2. For `[Deploy:x,y]`, ensure:
- x, y within range 13.
- Target cell is empty.
3. For `[Scan]`, ensure no other content is appended.
4. If the regex or move legality fails, call
`set_invalid_move(player, reason)`
with one of:
- `"Malformed action syntax"`
- `"Coordinates out of range"`
- `"Target cell occupied"`
- `"Unrecognized action token"`
Action extraction must strip wrapping `\boxed{{...}}`, leaving only the internal content for validation.
---
## 8. Terminal Conditions and Scoring
**After each move**, the system checks:
1. **Win Check:**
- Rows, columns, and diagonals scanned for `['S', 'S', 'S']` or `['N', 'N', 'N']`.
- The corresponding player is marked `winner`.
2. **Draw Check:**
- If `turn_count == 9` and no winner ⇒ `"DRAW"`.
3. **Score Rules:**
- Winner = 1, Loser = 0.
- In draw = 0.5 each.
Tie-breakers are deterministic—no randomness or hidden state.
---
## 9. Player Prompt Specification
**Prompt Outline:**
> **IDENTITY BLURB:**
> You are a star commander controlling a fleet of satellites orbiting a dying star. Your mission is to align three of your satellites in a row across the 3×3 orbital grid before your rival does.
>
> **CURRENT STATE:**
> - The board shows your placements (S) and your opponents (N).
> - Empty cells are blank spaces.
>
> **AVAILABLE ACTIONS:**
> - `[Deploy:x,y]` → Place your satellite at coordinates (x,y) where x,y ∈ {1,2,3}.
> - `[Scan]` → Forfeit placement this turn to inspect the full orbital map.
>
> **FORMAT RULES:**
> - Each response must end with: `\boxed{{<action>}}`
> - Example of valid response:
> ```
> I will secure the top-right orbit next.
> \boxed{{[Deploy:1,3]}}
> ```
> - Example of invalid response:
> ```
> Lets attack next time.
> [Deploy:1,3]
> ```
> (Because it's missing `\boxed{{}}`.)
>
> **REMINDERS:**
> - You cannot deploy on an occupied orbit.
> - The game will end immediately if three satellites align or all nine orbits are filled.
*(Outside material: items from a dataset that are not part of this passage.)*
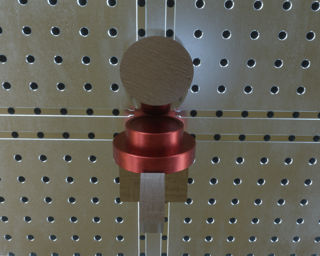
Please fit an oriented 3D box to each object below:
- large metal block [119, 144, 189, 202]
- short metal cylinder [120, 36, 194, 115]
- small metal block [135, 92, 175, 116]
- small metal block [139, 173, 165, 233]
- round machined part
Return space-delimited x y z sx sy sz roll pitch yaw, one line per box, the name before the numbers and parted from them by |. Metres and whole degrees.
large metal block | -0.008 0.052 0.402 0.081 0.080 0.050 1 110 -1
short metal cylinder | -0.004 -0.059 0.360 0.081 0.050 0.080 0 80 -1
small metal block | -0.007 -0.025 0.403 0.050 0.025 0.050 1 110 -1
small metal block | -0.008 0.082 0.333 0.025 0.050 0.050 1 148 -1
round machined part | -0.006 0.014 0.368 0.099 0.098 0.042 1 110 -1

All dialogue and moves are appended to the shared `observation_log`.
---
## 10. API Mapping Plan
| API Method | Purpose | Primary Read/Write | Terminal logic |
|-------------|----------|-------------------|----------------|
| `reset(seed)` | Initializes the grid, assigns symbols, clears logs, and sets starting player. | Writes entire `game_state`. | Returns initial observation and seed confirmation. |
| `step(action)` | Validates players boxed action, updates the grid/state, switches turns. | Reads `current_player`, `board`; writes updates, logs. | Runs win/draw checks after every move; sets `is_terminal`, `winner`. |
| `_generate_player_prompt(player)` | Builds textual prompt shown above, embedding the latest board and prior logs. | Reads from `board`, `observation_log`, and `current_player`. | Does not modify state; only generates text. |
On invalid actions, `step` calls `set_invalid_move(reason)` and forces a retry or ends the game if hopeless.
---
## 11. Copy-Check Against Example
All entity names (**Commander Solis**, **Commander Nyx**, **satellites**, **orbital grid**) and thematic terms are **original** and unrelated to any example negotiation or deal-making scenario. The games objective (aligning satellites on a 3×3 grid) derives from *tic-tac-toe mechanics* but expressed in a wholly new narrative context.
All `game_state` keys (`board`, `winner`, `observation_log`, `symbol`, etc.) are unique to *Orbital Align*, and none are borrowed from any trading, diplomacy, or economic system.